Porém, falando de perseguições aos cristãos, nada pode se comparar ao
Século XX. Atestam-no os mártires provenientes das grandes revoluções
e regimes ditatoriais. A
Revolução Russa (1917), por exemplo, terá levado à morte cerca de 17 mil
sacerdotes e 34 mil religiosos. O bolchevismo espalhado pelo mundo
declarou a religião como subversiva e inimiga do Estado, o que levou ao
encerramento e destruição de igrejas, conventos e seminários.
Neste século XXI, o número de cristãos perseguidos tende a igualar-se aos
do século passado. Segundo o sociólogo investigador David Barrett, no seu livro
World Christian Trends AD 30-AD 2200,
na primeira década deste milénio, foram assassinados 160 mil cristãos e, na
segunda década, calcula-se já o número de 150 mil.
Porque não se revelam estes dados? “Não é interessante para a mídia
divulgar o martírio de cristãos”, diz a missionária do ministério Portas Abertas, um grupo evangélico
fundado pelo Irmão André, que tem por missão dar suporte à “Igreja que sofre”.

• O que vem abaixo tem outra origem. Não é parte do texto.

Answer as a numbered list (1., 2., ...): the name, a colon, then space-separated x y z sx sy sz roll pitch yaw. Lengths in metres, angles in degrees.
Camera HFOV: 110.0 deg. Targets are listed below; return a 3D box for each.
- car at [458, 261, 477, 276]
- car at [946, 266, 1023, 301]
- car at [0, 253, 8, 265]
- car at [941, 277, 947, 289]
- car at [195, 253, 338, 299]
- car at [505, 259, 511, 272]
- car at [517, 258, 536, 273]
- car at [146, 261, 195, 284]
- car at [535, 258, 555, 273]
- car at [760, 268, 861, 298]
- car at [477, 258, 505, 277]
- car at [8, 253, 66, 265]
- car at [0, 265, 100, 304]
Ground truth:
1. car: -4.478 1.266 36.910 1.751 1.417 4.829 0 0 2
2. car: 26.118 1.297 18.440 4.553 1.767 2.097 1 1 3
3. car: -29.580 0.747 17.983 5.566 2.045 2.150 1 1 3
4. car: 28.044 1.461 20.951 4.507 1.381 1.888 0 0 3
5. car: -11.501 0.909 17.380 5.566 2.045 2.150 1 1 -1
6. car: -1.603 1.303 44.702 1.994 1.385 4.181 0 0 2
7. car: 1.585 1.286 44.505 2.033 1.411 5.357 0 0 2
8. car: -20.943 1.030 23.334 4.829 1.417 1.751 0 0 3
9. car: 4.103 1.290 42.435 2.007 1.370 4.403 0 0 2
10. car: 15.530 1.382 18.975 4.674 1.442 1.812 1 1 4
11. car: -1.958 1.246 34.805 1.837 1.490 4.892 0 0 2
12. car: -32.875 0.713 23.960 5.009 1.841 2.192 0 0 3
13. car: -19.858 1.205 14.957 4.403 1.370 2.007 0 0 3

Segundo a missionária – que já visitou países como Cuba, Iraque e Paquistão –
os cristãos desses países não possuem, muitas vezes, nem sequer uma Bíblia e
vivem a sua fé sob a pressão torturante e letal de grupos radicais islâmicos. “Uma pessoa muçulmana que se converte ao
Cristianismo, por exemplo, morre se não voltar atrás, mas, mesmo assim, eles
não negam a fé em Jesus”, refere.
Mas os nossos dias inventaram um tipo de perseguição,
que não passa necessariamente pelo sofrimento físico ou que leve ao martírio de sangue. Existe outra
forma de perseguição que se espalha pelo mundo e por países que, dantes, eram
profundamente cristãos. O papa fala hoje do
martírio da ridicularização, ou seja, se alguém se denomina cristão no
trabalho, na universidade ou coloca um crucifixo no peito, é ridicularizado por
alienado, fundamentalista, medieval. Os crucifixos parecem ter-se portado mal e
foram, também em Portugal, enxotados para fora da sala de aula.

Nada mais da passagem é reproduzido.